Each line with the word "dxfattribs" must appear in the answer, copied from the records.

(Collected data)
--*--

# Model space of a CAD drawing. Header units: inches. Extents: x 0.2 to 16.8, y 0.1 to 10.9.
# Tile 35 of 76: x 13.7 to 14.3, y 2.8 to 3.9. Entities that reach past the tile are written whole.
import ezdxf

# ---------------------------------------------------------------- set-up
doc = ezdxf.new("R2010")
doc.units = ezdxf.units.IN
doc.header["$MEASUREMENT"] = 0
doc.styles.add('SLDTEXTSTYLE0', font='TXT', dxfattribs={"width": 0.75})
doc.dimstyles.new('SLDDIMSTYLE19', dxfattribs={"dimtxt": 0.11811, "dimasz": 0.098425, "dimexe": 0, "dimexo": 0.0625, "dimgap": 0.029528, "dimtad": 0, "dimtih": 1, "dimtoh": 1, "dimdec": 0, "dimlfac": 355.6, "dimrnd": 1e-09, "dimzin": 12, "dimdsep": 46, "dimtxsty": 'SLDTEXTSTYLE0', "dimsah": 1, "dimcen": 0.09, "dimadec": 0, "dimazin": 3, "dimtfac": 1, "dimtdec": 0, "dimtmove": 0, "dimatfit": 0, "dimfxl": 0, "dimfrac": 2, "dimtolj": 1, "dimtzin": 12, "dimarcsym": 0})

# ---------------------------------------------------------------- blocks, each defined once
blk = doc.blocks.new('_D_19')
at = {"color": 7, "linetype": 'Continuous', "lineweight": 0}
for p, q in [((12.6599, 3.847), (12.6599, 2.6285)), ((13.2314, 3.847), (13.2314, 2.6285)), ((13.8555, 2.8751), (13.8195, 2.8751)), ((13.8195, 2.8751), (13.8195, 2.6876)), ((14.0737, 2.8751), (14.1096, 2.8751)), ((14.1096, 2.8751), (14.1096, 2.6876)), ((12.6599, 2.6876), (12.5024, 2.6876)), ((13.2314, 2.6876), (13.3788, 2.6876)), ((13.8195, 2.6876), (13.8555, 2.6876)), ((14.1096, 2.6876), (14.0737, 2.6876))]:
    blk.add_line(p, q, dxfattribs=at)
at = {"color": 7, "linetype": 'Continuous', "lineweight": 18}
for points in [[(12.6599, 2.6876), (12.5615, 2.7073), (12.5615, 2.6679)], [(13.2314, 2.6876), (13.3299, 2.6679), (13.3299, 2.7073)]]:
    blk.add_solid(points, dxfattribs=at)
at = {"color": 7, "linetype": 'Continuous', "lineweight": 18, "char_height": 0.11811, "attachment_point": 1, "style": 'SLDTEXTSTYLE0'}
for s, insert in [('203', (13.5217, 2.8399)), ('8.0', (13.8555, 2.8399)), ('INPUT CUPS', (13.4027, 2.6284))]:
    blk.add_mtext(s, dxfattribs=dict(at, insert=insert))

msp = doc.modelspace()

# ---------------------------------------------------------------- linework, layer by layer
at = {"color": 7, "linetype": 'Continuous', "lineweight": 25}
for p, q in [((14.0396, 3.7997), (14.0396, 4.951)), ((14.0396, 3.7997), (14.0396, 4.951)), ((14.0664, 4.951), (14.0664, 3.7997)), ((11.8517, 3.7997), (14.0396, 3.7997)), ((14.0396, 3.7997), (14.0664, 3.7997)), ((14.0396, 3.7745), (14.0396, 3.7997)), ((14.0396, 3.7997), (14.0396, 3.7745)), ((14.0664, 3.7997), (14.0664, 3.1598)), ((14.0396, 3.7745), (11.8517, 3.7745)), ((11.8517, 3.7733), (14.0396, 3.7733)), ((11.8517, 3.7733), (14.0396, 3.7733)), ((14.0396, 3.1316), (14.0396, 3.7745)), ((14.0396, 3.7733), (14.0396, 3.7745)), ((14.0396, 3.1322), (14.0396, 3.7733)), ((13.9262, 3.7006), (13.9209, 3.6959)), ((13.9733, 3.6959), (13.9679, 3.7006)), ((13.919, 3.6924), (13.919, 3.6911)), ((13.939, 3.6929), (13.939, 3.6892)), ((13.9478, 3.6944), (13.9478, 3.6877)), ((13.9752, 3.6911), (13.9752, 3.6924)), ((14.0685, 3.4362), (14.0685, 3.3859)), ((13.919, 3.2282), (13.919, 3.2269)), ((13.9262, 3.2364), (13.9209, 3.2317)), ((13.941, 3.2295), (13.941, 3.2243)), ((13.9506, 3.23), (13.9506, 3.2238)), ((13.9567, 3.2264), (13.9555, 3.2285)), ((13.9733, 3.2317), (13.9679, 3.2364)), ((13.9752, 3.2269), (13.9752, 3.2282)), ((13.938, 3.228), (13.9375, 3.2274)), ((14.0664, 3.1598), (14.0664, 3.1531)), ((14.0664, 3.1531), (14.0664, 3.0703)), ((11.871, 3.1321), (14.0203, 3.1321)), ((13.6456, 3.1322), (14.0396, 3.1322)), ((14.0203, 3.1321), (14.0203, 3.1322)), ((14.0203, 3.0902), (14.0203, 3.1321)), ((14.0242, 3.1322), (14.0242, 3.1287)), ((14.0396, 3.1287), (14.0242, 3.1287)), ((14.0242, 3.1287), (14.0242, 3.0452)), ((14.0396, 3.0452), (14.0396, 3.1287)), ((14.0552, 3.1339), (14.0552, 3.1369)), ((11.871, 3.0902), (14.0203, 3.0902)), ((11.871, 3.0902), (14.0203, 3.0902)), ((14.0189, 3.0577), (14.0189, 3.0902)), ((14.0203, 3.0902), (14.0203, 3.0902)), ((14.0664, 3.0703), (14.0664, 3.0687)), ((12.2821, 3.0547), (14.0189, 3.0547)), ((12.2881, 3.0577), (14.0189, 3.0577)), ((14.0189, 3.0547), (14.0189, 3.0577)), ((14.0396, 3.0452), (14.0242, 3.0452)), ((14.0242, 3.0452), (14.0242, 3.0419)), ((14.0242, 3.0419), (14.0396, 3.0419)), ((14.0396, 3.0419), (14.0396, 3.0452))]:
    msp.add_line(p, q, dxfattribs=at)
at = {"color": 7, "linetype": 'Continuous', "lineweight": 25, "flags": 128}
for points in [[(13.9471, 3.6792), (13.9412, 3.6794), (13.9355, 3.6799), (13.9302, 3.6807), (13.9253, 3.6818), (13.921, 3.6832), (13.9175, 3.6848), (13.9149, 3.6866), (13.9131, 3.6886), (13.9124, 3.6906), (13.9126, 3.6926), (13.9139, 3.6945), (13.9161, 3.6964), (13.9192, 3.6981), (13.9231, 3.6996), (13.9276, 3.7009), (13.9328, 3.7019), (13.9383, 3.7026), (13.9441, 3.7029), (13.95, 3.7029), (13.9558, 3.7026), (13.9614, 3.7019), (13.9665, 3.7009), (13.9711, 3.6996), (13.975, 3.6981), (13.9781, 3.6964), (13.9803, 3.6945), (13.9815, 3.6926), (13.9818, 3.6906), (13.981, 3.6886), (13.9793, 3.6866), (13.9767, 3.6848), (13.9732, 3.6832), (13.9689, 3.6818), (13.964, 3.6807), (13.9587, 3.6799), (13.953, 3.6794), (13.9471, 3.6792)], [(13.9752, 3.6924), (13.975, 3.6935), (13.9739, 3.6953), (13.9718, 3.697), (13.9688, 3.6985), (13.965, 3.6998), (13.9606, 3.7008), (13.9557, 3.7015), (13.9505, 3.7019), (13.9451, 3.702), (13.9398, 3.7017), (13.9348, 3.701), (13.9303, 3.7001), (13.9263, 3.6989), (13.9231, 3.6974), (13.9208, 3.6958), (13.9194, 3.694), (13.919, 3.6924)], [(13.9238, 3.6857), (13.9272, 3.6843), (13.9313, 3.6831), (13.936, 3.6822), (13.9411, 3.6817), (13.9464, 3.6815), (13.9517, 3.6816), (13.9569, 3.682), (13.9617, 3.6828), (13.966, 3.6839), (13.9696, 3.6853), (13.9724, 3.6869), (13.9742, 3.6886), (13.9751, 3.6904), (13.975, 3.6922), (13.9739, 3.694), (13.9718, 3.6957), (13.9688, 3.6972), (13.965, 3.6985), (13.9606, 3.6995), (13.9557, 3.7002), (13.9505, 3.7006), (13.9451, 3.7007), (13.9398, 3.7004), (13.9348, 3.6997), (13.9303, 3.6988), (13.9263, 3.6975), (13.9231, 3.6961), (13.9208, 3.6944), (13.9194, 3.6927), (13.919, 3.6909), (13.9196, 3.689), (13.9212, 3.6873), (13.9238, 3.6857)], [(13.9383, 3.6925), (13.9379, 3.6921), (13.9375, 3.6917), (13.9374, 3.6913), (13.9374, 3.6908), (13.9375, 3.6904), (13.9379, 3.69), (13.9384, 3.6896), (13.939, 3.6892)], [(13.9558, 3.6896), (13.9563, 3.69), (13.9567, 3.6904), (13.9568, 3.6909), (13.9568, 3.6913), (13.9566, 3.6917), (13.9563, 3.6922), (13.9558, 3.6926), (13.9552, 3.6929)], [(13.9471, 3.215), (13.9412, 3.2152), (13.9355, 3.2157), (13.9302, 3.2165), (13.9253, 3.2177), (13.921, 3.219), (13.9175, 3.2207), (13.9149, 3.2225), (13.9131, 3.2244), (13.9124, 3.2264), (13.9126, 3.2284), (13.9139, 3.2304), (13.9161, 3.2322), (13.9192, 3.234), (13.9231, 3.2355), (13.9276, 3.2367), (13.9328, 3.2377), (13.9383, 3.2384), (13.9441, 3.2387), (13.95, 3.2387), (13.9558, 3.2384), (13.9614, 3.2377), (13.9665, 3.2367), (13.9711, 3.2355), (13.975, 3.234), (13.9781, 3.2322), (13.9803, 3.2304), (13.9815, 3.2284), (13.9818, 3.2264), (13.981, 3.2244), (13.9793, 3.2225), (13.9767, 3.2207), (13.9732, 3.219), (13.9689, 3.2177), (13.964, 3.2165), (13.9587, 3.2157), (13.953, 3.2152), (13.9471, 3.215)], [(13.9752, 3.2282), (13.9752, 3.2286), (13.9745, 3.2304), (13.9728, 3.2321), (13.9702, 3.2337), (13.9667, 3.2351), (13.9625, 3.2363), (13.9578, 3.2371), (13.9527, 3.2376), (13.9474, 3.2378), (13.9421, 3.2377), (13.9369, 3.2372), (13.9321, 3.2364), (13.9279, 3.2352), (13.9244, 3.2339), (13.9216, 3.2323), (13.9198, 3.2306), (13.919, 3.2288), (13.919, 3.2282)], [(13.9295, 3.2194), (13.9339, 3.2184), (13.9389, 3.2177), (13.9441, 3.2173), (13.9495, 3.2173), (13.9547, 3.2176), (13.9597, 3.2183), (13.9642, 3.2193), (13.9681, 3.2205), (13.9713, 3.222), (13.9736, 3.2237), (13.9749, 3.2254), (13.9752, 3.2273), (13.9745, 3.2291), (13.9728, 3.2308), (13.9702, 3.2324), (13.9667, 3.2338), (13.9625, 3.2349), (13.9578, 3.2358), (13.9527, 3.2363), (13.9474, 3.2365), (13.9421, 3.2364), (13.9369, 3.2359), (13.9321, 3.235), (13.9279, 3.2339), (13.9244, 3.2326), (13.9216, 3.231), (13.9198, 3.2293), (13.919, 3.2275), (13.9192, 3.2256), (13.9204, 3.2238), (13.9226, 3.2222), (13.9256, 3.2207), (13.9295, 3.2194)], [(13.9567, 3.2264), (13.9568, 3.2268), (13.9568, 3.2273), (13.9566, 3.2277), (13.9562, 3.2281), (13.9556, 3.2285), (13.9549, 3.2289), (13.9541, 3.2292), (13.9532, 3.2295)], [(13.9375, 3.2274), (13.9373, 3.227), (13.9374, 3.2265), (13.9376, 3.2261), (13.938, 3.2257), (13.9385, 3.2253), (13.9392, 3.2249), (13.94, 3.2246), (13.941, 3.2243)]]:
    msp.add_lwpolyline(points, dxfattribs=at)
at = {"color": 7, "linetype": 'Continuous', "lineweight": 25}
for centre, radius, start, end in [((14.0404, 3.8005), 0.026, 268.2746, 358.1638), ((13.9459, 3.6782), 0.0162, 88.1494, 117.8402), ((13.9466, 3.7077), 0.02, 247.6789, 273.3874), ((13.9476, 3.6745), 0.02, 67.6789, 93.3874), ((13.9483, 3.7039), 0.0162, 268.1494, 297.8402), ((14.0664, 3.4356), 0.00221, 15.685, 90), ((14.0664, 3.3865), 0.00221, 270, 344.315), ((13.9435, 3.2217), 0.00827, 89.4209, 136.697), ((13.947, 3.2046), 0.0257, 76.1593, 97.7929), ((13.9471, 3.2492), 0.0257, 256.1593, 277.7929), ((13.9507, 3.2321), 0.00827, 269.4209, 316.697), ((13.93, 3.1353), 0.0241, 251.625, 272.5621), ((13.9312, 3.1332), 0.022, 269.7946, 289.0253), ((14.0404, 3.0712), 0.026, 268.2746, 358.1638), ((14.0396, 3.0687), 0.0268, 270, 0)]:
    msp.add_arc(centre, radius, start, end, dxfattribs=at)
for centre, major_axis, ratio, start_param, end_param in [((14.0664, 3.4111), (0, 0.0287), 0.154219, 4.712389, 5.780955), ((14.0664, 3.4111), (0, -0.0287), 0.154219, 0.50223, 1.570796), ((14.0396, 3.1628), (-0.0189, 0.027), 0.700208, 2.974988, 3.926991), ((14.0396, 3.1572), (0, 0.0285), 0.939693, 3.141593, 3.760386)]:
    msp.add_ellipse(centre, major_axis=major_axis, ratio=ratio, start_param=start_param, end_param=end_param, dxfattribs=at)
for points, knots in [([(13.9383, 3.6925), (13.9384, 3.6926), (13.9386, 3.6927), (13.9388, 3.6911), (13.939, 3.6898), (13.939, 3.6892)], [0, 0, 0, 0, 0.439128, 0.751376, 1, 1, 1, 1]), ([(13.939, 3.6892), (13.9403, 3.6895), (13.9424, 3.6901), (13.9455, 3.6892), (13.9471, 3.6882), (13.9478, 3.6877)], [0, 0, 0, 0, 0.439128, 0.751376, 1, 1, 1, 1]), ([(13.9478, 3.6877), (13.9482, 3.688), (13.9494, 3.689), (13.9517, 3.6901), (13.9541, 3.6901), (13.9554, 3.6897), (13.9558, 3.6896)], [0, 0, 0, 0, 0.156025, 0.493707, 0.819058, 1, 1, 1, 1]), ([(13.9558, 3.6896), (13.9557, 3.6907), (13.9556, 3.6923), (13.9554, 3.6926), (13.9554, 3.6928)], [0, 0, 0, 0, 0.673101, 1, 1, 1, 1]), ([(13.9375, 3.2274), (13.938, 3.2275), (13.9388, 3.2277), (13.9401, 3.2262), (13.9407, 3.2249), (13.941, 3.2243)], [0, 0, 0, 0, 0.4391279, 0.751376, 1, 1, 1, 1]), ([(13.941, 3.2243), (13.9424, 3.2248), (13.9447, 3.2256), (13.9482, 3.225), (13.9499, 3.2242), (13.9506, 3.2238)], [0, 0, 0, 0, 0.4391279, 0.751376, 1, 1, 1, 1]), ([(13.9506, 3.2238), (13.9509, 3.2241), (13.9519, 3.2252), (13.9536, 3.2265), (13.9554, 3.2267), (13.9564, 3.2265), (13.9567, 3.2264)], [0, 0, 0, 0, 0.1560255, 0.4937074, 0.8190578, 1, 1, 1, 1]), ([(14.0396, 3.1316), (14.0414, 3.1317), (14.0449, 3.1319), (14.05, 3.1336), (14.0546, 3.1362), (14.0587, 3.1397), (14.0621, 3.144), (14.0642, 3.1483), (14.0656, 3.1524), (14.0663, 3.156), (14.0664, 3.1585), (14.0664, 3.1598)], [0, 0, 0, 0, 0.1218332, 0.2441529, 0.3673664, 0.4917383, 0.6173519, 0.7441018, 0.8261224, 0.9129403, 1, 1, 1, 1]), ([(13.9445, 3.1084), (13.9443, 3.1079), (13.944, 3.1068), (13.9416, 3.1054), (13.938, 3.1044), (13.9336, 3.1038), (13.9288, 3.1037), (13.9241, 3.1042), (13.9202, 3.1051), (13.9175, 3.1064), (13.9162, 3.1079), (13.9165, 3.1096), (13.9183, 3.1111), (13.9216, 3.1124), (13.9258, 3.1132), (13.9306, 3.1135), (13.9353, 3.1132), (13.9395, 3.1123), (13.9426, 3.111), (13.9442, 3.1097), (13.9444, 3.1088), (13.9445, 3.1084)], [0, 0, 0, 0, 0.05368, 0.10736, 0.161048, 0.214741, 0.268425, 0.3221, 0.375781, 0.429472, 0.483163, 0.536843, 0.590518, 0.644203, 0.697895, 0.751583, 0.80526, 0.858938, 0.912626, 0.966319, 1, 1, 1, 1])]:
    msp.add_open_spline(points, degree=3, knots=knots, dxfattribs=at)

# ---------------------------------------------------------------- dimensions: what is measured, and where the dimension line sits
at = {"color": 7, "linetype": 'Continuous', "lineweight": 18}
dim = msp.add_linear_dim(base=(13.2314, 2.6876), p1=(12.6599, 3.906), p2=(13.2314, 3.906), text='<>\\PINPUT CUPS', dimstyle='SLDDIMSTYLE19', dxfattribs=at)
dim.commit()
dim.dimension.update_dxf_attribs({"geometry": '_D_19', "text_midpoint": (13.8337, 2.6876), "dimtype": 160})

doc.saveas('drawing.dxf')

--*--

[Solution to this exercise]
doc.styles.add('SLDTEXTSTYLE0', font='TXT', dxfattribs={"width": 0.75})
doc.dimstyles.new('SLDDIMSTYLE19', dxfattribs={"dimtxt": 0.11811, "dimasz": 0.098425, "dimexe": 0, "dimexo": 0.0625, "dimgap": 0.029528, "dimtad": 0, "dimtih": 1, "dimtoh": 1, "dimdec": 0, "dimlfac": 355.6, "dimrnd": 1e-09, "dimzin": 12, "dimdsep": 46, "dimtxsty": 'SLDTEXTSTYLE0', "dimsah": 1, "dimcen": 0.09, "dimadec": 0, "dimazin": 3, "dimtfac": 1, "dimtdec": 0, "dimtmove": 0, "dimatfit": 0, "dimfxl": 0, "dimfrac": 2, "dimtolj": 1, "dimtzin": 12, "dimarcsym": 0})
    blk.add_line(p, q, dxfattribs=at)
    blk.add_solid(points, dxfattribs=at)
    blk.add_mtext(s, dxfattribs=dict(at, insert=insert))
    msp.add_line(p, q, dxfattribs=at)
    msp.add_lwpolyline(points, dxfattribs=at)
    msp.add_arc(centre, radius, start, end, dxfattribs=at)
    msp.add_ellipse(centre, major_axis=major_axis, ratio=ratio, start_param=start_param, end_param=end_param, dxfattribs=at)
    msp.add_open_spline(points, degree=3, knots=knots, dxfattribs=at)
dim = msp.add_linear_dim(base=(13.2314, 2.6876), p1=(12.6599, 3.906), p2=(13.2314, 3.906), text='<>\\PINPUT CUPS', dimstyle='SLDDIMSTYLE19', dxfattribs=at)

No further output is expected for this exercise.